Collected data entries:
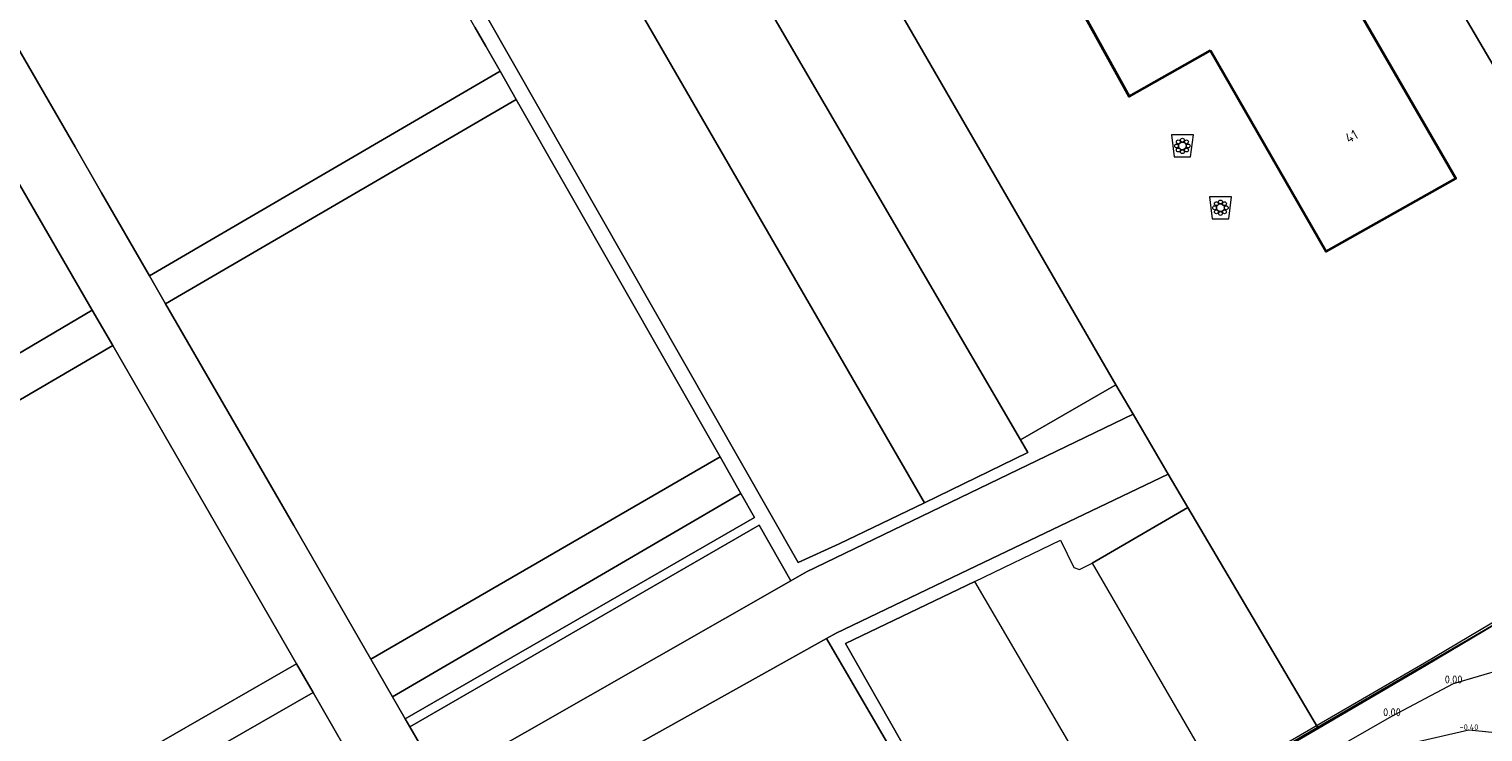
# Model space of a CAD drawing. Header units: metres. Extents: x 108651 to 109770, y 520801 to 521818.
# Tile 41 of 66: x 109117 to 109184, y 521297 to 521329. Entities that reach past the tile are written whole.
import ezdxf
from ezdxf.enums import TextEntityAlignment as Align

# ---------------------------------------------------------------- set-up
doc = ezdxf.new("R2010")
doc.units = ezdxf.units.M
for name, color, linetype, lineweight in [('B-WE-GR-BEPLANTING_CULTUUR_BOSPLANTSOEN-GV', 253, 'Continuous', 18), ('B-WE-GR-BEPLANTING_CULTUUR_HEESTERS-GV', 253, 'Continuous', 18), ('B-WE-GR-BLOEMBAK-S', 253, 'Continuous', 25), ('B-WE-GW-WATERGANG_INSTEEK-G', 253, 'Continuous', 18), ('B-WE-OG-BEBOUWING-GV', 253, 'Continuous', 35), ('B-WE-OG-BEBOUWING-T18', 253, 'Continuous', 18), ('B-WE-OG-TERREIN_CULTUURSCHEIDING-GV', 253, 'Continuous', 18), ('B-WE-VH-VERHARDING_ACHTERKANTBAND-G', 253, 'Continuous', 25), ('B-WE-VH-VERHARDING_HALFVERHARDING_GRIND-GV', 253, 'Continuous', 18), ('B-WE-VH-VERHARDING_STRAATBAKSTEEN-GV', 253, 'Continuous', 18), ('B-XX-OG-HOOGTELIJN-G', 253, 'Continuous', 18), ('X-XX-AL-T18', 253, 'Continuous', 18)]:
    doc.layers.add(name, color=color, linetype=linetype, lineweight=lineweight)
doc.layers.add('B-XX-OG-HOOGTELIJN-G-HGT', color=253, linetype='Continuous')
doc.styles.add('ISOCP', font='isocp.shx', dxfattribs={"width": 0.8})
doc.styles.add('NLCS-ISO-M200-T18', font='NLCS-ISO.ttf', dxfattribs={"height": 0.36})
doc.styles.add('NLCS-ISO-M250-T18', font='NLCS-ISO.ttf', dxfattribs={"height": 0.45})

# ---------------------------------------------------------------- blocks, each defined once
blk = doc.blocks.new('SGR-BLOEMBAK-SO')
at = {"color": 0, "linetype": 'ByBlock', "lineweight": 18}
blk.add_lwpolyline([(-1.5, -2), (1.5, -2), (2, 2), (-2, 2)], close=True, dxfattribs=at)
for centre, radius in [((-1.05, 0), 0.35), ((-0.74, 0.74), 0.35), ((0, 0), 0.7), ((0, 1.05), 0.35), ((0.74, 0.74), 0.35), ((1.05, 0), 0.35), ((-0.74, -0.74), 0.35), ((0, -1.05), 0.35), ((0.74, -0.74), 0.35)]:
    blk.add_circle(centre, radius, dxfattribs=at)

msp = doc.modelspace()

# ---------------------------------------------------------------- linework, layer by layer
at = {"layer": 'B-WE-GR-BEPLANTING_CULTUUR_BOSPLANTSOEN-GV', "flags": 128}
msp.add_lwpolyline([(109123.874, 521354.448), (109152.464, 521304.328), (109154.327, 521305.174), (109158.201, 521307.044), (109135, 521347.153), (109136.276, 521352.972), (109132.907, 521359.244), (109132.181, 521360.246), (109127.101, 521362.797), (109129.895, 521357.847)], close=True, dxfattribs=at)
for points in [[(109157.315, 521283.434), (109162.683, 521286.474), (109154.618, 521300.639), (109160.492, 521303.467), (109164.39, 521305.344), (109164.987, 521304.104), (109165.25, 521304.014), (109165.83, 521304.297), (109170.178, 521306.83), (109169.284, 521308.351), (109160.193, 521303.992), (109154.188, 521301.113), (109153.752, 521300.869), (109160.692, 521288.96), (109161.97, 521286.767), (109114.519, 521259.903), (109112.21, 521258.596), (109112.533, 521258.072), (109157.315, 521283.434)], [(109166.45, 521293.279), (109160.492, 521303.467), (109154.618, 521300.639), (109162.683, 521286.474), (109160.752, 521285.38)]]:
    msp.add_lwpolyline(points, dxfattribs=at)
at = {"layer": 'B-WE-GR-BEPLANTING_CULTUUR_HEESTERS-GV', "flags": 128}
msp.add_lwpolyline([(109137.765, 521328.673), (109138.261, 521327.804), (109138.91, 521326.666), (109139.644, 521325.38), (109148.914, 521309.128), (109149.862, 521307.467), (109150.483, 521306.377), (109134.599, 521297.224), (109134.811, 521296.856), (109150.686, 521306.021), (109152.128, 521303.494), (109152.838, 521303.9), (109167.687, 521311.069), (109166.899, 521312.409), (109162.568, 521309.902), (109162.9, 521309.333), (109158.201, 521307.044), (109154.327, 521305.174), (109152.464, 521304.328), (109123.874, 521354.448)], dxfattribs=at)
at = {"layer": 'B-WE-GW-WATERGANG_INSTEEK-G'}
msp.add_lwpolyline([(109170.728, 521288.633), (109173.938, 521293.287), (109176.362, 521295.569), (109179.458, 521297.34), (109182.26, 521298.831), (109184.535, 521299.496), (109186.25, 521298.623), (109188.412, 521297.245), (109190.286, 521294.749), (109191.987, 521291.347), (109192.866, 521288.841), (109192.183, 521285.339), (109189.799, 521281.111), (109188.359, 521279.094), (109187.237, 521277.292), (109185.255, 521276.248), (109180.984, 521275.513), (109176.211, 521275.976), (109172.467, 521276.669), (109170.581, 521277.861), (109169.393, 521279.451), (109169.007, 521281.083), (109169.546, 521283.691), (109170.067, 521286.876)], close=True, dxfattribs=at)
at = {"layer": 'B-WE-OG-BEBOUWING-GV', "flags": 128}
msp.add_lwpolyline([(109171.204, 521327.608), (109176.459, 521318.465), (109182.365, 521321.785), (109174.104, 521336.065), (109164.741, 521330.552), (109167.507, 521325.521)], close=True, dxfattribs=at)
at = {"layer": 'B-WE-OG-TERREIN_CULTUURSCHEIDING-GV', "flags": 128}
for points in [[(109144.814, 521340.347), (109143.968, 521341.797), (109137.636, 521352.656), (109138.423, 521353.152), (109129.739, 521368.069), (109128.953, 521367.604), (109125.508, 521365.621), (109125.885, 521364.954), (109127.101, 521362.797), (109132.181, 521360.246), (109132.907, 521359.244), (109136.276, 521352.972), (109135, 521347.153), (109158.201, 521307.044), (109162.9, 521309.333), (109162.568, 521309.902)], [(109138.91, 521326.666), (109138.261, 521327.804), (109137.765, 521328.673), (109121.662, 521356.903), (109105.511, 521347.554), (109119.59, 521323.231), (109120.786, 521321.132), (109122.967, 521317.359)], [(109102.876, 521346.035), (109085.203, 521335.873), (109101.313, 521307.646), (109101.808, 521306.778), (109102.639, 521305.323), (109120.365, 521315.8)], [(109138.91, 521326.666), (109122.967, 521317.359), (109123.701, 521316.089), (109139.644, 521325.38)], [(109123.701, 521316.089), (109129.53, 521306.006), (109133.033, 521299.936), (109148.914, 521309.128), (109139.644, 521325.38)], [(109121.297, 521314.188), (109103.508, 521303.8), (109111.722, 521289.407), (109113.042, 521290.166), (109129.658, 521299.721), (109125.975, 521306.101)], [(109149.862, 521307.467), (109148.914, 521309.128), (109133.033, 521299.936), (109134.026, 521298.217)], [(109134.599, 521297.224), (109150.483, 521306.377), (109149.862, 521307.467), (109134.026, 521298.217)], [(109152.128, 521303.494), (109150.686, 521306.021), (109134.811, 521296.856), (109135.682, 521295.347), (109137.024, 521294.869)], [(109135.536, 521290.297), (109137.689, 521286.575), (109115.091, 521273.715), (109114.076, 521275.469), (109113.976, 521275.642), (109113.174, 521277.029), (109112.938, 521277.437), (109112.744, 521277.787), (109107.109, 521274.58), (109106.801, 521273.246), (109113.1, 521262.356), (109160.692, 521288.96), (109153.752, 521300.869), (109135.336, 521290.588)], [(109130.408, 521298.422), (109119.279, 521292.022), (109113.784, 521288.862), (109103.404, 521282.894), (109104.652, 521280.729), (109104.777, 521280.512), (109106.026, 521278.346), (109121.901, 521287.474), (109121.102, 521288.861), (109132.298, 521295.148)]]:
    msp.add_lwpolyline(points, close=True, dxfattribs=at)
for points in [[(109174.752, 521342.794), (109187.318, 521321.395), (109191.229, 521323.622), (109190.282, 521325.235), (109173.914, 521353.109)], [(109103.508, 521303.8), (109121.297, 521314.188), (109120.365, 521315.8), (109102.639, 521305.323)], [(109113.784, 521288.862), (109119.279, 521292.022), (109130.408, 521298.422), (109129.658, 521299.721), (109113.042, 521290.166)]]:
    msp.add_lwpolyline(points, dxfattribs=at)
at = {"layer": 'B-WE-VH-VERHARDING_ACHTERKANTBAND-G'}
msp.add_lwpolyline([(109217.245, 521250.375), (109211.954, 521259.367), (109206.444, 521269.015), (109201.079, 521278.394), (109195.387, 521288.165), (109194.772, 521289.224), (109192.373, 521293.432), (109186.943, 521302.971), (109186.977, 521302.984), (109186.882, 521303.151), (109181.017, 521299.664), (109173.229, 521295.094)], dxfattribs=at)
at = {"layer": 'B-WE-VH-VERHARDING_HALFVERHARDING_GRIND-GV', "flags": 128}
for points in [[(109102.192, 521281.2), (109087.031, 521307.494), (109088.296, 521308.229), (109085.877, 521312.664), (109084.514, 521311.865), (109077.075, 521324.708), (109058.016, 521357.582), (109055.709, 521356.284), (109074.816, 521323.322), (109090.699, 521295.832), (109103.999, 521272.81), (109107.109, 521274.58), (109112.744, 521277.787), (109130.281, 521287.766), (109135.336, 521290.588), (109153.752, 521300.869)], [(109153.752, 521300.869), (109154.188, 521301.113), (109160.193, 521303.992), (109169.284, 521308.351), (109167.687, 521311.069), (109152.838, 521303.9), (109152.128, 521303.494), (109137.024, 521294.869), (109135.682, 521295.347), (109134.811, 521296.856), (109134.599, 521297.224), (109134.026, 521298.217), (109133.033, 521299.936), (109129.53, 521306.006), (109123.701, 521316.089), (109122.967, 521317.359), (109120.786, 521321.132), (109119.59, 521323.231), (109105.511, 521347.554)], [(109102.876, 521346.035), (109120.365, 521315.8), (109121.297, 521314.188), (109125.975, 521306.101), (109129.658, 521299.721), (109130.408, 521298.422), (109132.298, 521295.148), (109133.219, 521293.553), (109132.863, 521292.229), (109127.787, 521289.362), (109107.728, 521277.958)]]:
    msp.add_lwpolyline(points, dxfattribs=at)
at = {"layer": 'B-WE-VH-VERHARDING_STRAATBAKSTEEN-GV', "flags": 128}
for points in [[(109144.814, 521340.347), (109162.568, 521309.902), (109166.899, 521312.409), (109149.252, 521342.929)], [(109171.204, 521327.608), (109167.507, 521325.521), (109164.741, 521330.552), (109174.104, 521336.065), (109182.365, 521321.785), (109176.459, 521318.465)], [(109171.65, 521294.271), (109172.851, 521294.969), (109176.071, 521296.843), (109170.178, 521306.83), (109165.83, 521304.297)]]:
    msp.add_lwpolyline(points, close=True, dxfattribs=at)
msp.add_lwpolyline([(109149.252, 521342.929), (109166.899, 521312.409), (109167.687, 521311.069), (109169.284, 521308.351), (109170.178, 521306.83), (109176.071, 521296.843), (109187.033, 521303.221), (109190.44, 521305.243), (109194.825, 521307.793), (109193.39, 521310.393), (109190.994, 521314.734), (109188.916, 521318.499), (109187.318, 521321.395), (109174.752, 521342.794)], dxfattribs=at)
at = {"layer": 'B-WE-VH-VERHARDING_STRAATBAKSTEEN-GV'}
msp.add_lwpolyline([(109217.35, 521250.46), (109212.052, 521259.437), (109206.536, 521269.099), (109201.179, 521278.448), (109194.887, 521289.298), (109192.541, 521293.419), (109186.913, 521303.295), (109180.932, 521299.748), (109171.546, 521294.3), (109170.807, 521295.559)], dxfattribs=at)
at = {"layer": 'B-XX-OG-HOOGTELIJN-G'}
msp.add_lwpolyline([(109172.649, 521290.42), (109174.894, 521292.856), (109177.128, 521294.629), (109180.125, 521296.063), (109182.959, 521296.716), (109184.6, 521296.546), (109186.267, 521295.513), (109188.658, 521293.511), (109190.625, 521290.388), (109191.04, 521288.52), (109190.952, 521285.901), (109188.503, 521281.92), (109187.1, 521280.097), (109185.869, 521278.557), (109184.359, 521278.244), (109180.164, 521278.159), (109176.517, 521278.296), (109173.617, 521279.123), (109172.126, 521280.243), (109171.351, 521282.524), (109171.026, 521285.01), (109171.355, 521287.815)], close=True, dxfattribs=at)

# ---------------------------------------------------------------- block references
at = {"layer": 'B-WE-GR-BLOEMBAK-S', "xscale": 0.25, "yscale": 0.25, "zscale": 0.25}
for p in [(109169.93, 521323.268), (109171.661, 521320.457)]:
    msp.add_blockref('SGR-BLOEMBAK-SO', p, dxfattribs=at)

# ---------------------------------------------------------------- texts
at = {"layer": 'B-WE-OG-BEBOUWING-T18', "style": 'NLCS-ISO-M250-T18'}
msp.add_text('41', height=0.45, rotation=29.3, dxfattribs=at).set_placement((109177.617, 521323.705), align=Align.MIDDLE)
at = {"layer": 'B-XX-OG-HOOGTELIJN-G-HGT', "style": 'ISOCP'}
msp.add_text('-0.40', height=0.25, dxfattribs=at).set_placement((109182.959, 521296.716, -0.402), align=Align.CENTER)
at = {"layer": 'X-XX-AL-T18', "style": 'NLCS-ISO-M200-T18'}
for p in [(109182.26, 521298.831, 0.003), (109179.458, 521297.34, -0.004)]:
    msp.add_text('0.00', height=0.36, dxfattribs=at).set_placement(p, align=Align.CENTER)

doc.saveas('drawing.dxf')

> **YOUR INSTRUCTIONS**: In how many lines of the records does the word "drawing" appear? Answer with the number only.

> **COMPLETED TASK**: 2